● Work item:
An exact copy of the lines from the one containing "Follow the order of the list." through the final line of the records is the only acceptable answer.

[Start of Attachment]

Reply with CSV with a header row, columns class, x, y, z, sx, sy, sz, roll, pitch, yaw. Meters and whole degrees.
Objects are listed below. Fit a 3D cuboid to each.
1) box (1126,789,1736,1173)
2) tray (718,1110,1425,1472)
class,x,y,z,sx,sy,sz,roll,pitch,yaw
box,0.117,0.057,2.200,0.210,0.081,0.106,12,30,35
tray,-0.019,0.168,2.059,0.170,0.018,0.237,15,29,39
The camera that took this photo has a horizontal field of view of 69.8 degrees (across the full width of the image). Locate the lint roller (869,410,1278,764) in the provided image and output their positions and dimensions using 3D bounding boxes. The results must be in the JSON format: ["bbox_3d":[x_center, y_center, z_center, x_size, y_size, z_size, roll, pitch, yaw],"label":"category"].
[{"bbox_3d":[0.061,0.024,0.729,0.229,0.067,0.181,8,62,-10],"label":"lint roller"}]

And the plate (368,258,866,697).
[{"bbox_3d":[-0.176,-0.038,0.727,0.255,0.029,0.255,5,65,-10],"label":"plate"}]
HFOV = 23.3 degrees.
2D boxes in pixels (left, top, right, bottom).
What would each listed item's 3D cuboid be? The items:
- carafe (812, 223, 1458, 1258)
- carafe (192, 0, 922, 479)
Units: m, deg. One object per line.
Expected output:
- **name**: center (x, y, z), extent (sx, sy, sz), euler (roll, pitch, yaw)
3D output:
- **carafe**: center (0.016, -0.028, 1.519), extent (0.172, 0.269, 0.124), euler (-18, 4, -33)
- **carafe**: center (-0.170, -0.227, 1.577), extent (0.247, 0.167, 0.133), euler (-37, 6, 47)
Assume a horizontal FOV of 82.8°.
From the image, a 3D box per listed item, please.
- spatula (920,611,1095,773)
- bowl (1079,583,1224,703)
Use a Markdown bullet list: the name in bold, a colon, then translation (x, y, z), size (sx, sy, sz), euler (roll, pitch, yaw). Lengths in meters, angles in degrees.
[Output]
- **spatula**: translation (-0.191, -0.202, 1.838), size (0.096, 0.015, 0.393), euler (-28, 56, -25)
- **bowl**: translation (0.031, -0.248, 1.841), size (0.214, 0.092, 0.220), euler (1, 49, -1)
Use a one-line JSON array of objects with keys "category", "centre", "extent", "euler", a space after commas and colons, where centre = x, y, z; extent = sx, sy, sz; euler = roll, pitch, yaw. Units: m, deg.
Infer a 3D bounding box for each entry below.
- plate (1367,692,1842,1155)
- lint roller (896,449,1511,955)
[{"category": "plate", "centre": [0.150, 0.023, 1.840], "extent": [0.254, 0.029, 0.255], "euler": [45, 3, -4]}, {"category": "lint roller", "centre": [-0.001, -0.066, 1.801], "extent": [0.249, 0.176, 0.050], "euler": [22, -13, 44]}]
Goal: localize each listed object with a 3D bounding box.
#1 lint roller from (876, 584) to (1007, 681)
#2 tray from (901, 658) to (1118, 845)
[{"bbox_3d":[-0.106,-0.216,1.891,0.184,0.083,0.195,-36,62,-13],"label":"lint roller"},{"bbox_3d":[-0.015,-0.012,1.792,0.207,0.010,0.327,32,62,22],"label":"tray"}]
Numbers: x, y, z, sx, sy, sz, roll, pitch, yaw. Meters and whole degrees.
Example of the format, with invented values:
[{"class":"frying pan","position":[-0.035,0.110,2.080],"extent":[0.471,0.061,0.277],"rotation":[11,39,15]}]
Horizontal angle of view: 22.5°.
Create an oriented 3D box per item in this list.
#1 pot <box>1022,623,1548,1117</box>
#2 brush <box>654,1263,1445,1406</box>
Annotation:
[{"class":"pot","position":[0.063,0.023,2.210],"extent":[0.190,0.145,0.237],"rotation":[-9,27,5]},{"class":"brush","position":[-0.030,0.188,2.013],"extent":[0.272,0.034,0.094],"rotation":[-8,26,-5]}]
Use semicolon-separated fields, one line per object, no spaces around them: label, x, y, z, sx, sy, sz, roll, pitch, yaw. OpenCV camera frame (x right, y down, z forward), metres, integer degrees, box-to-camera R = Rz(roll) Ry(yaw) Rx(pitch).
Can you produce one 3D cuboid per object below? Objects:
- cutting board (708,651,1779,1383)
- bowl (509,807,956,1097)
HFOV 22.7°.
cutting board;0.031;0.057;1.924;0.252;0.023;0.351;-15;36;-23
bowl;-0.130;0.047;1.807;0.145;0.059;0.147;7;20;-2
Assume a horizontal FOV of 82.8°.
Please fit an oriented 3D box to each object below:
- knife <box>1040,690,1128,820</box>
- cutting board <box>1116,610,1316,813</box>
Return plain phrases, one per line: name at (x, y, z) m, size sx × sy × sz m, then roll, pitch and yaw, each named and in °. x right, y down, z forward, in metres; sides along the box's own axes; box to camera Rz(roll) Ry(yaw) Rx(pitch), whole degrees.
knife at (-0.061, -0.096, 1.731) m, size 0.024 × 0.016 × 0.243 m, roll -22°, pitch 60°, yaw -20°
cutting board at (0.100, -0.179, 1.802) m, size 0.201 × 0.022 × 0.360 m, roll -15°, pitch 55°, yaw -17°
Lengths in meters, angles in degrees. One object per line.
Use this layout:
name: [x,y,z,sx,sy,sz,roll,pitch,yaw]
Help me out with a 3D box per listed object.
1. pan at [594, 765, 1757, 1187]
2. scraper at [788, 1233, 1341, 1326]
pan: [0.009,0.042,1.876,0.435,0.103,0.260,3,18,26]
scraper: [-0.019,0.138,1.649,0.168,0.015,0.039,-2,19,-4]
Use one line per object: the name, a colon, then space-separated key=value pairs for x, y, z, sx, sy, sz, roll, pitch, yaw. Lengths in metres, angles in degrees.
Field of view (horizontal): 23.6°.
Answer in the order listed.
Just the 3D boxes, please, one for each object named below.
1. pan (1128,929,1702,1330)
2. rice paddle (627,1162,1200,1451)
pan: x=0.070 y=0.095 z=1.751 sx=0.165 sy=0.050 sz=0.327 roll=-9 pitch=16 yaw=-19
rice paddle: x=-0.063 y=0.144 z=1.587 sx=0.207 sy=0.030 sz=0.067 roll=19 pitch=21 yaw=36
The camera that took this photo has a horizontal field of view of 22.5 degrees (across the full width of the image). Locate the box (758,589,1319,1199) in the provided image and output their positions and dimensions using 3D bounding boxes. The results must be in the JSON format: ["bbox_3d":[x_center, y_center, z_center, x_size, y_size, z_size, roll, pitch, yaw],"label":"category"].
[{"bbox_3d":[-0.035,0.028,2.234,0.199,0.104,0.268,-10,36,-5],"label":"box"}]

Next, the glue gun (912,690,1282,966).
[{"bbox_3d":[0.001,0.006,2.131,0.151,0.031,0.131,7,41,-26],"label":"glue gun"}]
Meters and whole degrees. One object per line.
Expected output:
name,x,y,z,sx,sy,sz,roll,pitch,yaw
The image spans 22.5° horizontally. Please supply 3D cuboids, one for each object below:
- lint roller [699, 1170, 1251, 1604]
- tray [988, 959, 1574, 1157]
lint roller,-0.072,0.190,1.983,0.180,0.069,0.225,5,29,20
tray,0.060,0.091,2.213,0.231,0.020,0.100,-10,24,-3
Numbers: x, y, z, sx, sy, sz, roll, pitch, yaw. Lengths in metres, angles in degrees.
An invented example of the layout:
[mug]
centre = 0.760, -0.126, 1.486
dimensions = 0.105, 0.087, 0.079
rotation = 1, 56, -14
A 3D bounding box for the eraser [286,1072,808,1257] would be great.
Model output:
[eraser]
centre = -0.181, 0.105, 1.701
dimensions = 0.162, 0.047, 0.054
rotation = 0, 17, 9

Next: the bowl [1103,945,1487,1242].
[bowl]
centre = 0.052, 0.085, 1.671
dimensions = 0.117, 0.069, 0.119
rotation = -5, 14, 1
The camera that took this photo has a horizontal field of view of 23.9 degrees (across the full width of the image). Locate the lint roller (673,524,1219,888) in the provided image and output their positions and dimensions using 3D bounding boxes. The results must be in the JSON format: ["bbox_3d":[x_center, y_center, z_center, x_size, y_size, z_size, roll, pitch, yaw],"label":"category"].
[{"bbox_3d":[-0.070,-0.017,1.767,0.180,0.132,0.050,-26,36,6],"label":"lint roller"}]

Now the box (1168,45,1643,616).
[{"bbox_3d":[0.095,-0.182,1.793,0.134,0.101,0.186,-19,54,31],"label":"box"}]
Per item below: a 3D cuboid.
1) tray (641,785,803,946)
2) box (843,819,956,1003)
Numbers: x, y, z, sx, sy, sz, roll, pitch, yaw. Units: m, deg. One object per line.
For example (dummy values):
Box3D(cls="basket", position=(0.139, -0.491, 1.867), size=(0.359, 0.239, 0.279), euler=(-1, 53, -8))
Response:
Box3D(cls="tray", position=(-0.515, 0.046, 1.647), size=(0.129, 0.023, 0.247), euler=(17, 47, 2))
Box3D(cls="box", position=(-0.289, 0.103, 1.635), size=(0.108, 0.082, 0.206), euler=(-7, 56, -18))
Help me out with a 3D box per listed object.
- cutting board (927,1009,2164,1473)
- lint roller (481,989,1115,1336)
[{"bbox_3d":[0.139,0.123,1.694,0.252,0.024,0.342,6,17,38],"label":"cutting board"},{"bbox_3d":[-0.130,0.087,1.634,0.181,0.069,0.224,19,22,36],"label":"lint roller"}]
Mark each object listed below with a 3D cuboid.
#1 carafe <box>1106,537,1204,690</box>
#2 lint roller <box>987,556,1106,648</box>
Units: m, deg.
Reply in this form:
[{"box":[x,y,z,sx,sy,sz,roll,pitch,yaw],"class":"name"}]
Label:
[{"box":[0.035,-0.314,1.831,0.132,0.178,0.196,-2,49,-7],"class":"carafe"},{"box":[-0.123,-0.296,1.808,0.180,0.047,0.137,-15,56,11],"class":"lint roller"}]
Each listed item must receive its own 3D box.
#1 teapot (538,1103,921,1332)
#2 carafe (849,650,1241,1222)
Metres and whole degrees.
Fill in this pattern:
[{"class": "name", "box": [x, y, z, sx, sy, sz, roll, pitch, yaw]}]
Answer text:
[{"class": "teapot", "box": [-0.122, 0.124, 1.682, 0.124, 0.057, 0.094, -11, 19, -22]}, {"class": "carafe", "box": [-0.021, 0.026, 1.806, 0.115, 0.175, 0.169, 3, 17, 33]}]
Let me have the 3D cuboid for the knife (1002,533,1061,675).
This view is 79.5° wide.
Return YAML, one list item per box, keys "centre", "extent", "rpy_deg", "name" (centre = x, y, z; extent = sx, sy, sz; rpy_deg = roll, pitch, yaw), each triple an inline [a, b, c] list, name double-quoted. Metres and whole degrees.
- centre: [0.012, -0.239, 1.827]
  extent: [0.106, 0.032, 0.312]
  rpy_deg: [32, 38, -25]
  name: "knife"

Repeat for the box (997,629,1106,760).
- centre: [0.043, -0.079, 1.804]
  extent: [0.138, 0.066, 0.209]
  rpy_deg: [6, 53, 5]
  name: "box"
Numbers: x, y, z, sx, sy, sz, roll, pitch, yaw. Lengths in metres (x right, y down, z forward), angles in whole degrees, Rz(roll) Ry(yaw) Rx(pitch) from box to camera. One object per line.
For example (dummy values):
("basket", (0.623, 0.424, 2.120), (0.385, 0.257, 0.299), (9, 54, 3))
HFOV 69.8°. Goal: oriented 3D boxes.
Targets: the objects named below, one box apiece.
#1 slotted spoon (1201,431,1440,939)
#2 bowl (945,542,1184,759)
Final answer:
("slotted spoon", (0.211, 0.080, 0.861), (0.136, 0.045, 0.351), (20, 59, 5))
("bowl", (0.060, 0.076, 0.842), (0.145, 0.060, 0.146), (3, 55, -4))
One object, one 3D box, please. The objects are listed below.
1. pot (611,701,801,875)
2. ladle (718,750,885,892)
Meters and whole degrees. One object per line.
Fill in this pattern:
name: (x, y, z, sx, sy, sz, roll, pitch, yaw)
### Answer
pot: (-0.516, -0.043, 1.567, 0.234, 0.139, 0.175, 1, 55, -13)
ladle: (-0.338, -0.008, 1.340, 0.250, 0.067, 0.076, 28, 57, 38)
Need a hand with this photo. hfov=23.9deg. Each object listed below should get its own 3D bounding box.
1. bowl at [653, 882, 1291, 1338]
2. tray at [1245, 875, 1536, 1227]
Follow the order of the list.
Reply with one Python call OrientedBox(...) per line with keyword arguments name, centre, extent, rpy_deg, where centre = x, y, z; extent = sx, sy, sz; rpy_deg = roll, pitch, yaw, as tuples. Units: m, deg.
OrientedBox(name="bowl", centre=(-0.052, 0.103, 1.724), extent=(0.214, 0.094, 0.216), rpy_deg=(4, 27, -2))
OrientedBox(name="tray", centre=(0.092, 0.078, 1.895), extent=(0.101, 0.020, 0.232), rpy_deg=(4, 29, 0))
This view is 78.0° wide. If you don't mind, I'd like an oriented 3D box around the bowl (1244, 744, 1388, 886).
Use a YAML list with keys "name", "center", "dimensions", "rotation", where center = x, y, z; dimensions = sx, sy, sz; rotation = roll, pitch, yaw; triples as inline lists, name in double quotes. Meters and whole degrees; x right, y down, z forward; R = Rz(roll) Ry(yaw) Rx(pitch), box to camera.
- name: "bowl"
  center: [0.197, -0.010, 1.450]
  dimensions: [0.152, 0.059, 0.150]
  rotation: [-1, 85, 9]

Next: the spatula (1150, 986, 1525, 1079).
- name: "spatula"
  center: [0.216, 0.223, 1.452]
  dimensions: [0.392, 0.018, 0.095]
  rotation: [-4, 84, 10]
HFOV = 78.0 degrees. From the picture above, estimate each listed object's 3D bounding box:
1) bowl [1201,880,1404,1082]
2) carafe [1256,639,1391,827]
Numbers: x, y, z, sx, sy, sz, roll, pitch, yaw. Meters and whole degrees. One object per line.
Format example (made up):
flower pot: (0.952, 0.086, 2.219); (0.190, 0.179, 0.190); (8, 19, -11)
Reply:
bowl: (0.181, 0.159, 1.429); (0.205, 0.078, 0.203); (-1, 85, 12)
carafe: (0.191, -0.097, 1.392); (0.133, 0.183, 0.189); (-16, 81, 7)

[End of Attachment]

● Exercise response:
Follow the order of the list.
Reply with one Python call OrientedBox(...) per line with keyword arguments name, centre, extent, rpy_deg, where centre = x, y, z; extent = sx, sy, sz; rpy_deg = roll, pitch, yaw, as tuples. Units: m, deg.
OrientedBox(name="bowl", centre=(-0.052, 0.103, 1.724), extent=(0.214, 0.094, 0.216), rpy_deg=(4, 27, -2))
OrientedBox(name="tray", centre=(0.092, 0.078, 1.895), extent=(0.101, 0.020, 0.232), rpy_deg=(4, 29, 0))
This view is 78.0° wide. If you don't mind, I'd like an oriented 3D box around the bowl (1244, 744, 1388, 886).
Use a YAML list with keys "name", "center", "dimensions", "rotation", where center = x, y, z; dimensions = sx, sy, sz; rotation = roll, pitch, yaw; triples as inline lists, name in double quotes. Meters and whole degrees; x right, y down, z forward; R = Rz(roll) Ry(yaw) Rx(pitch), box to camera.
- name: "bowl"
  center: [0.197, -0.010, 1.450]
  dimensions: [0.152, 0.059, 0.150]
  rotation: [-1, 85, 9]

Next: the spatula (1150, 986, 1525, 1079).
- name: "spatula"
  center: [0.216, 0.223, 1.452]
  dimensions: [0.392, 0.018, 0.095]
  rotation: [-4, 84, 10]
HFOV = 78.0 degrees. From the picture above, estimate each listed object's 3D bounding box:
1) bowl [1201,880,1404,1082]
2) carafe [1256,639,1391,827]
Numbers: x, y, z, sx, sy, sz, roll, pitch, yaw. Meters and whole degrees. One object per line.
Format example (made up):
flower pot: (0.952, 0.086, 2.219); (0.190, 0.179, 0.190); (8, 19, -11)
Reply:
bowl: (0.181, 0.159, 1.429); (0.205, 0.078, 0.203); (-1, 85, 12)
carafe: (0.191, -0.097, 1.392); (0.133, 0.183, 0.189); (-16, 81, 7)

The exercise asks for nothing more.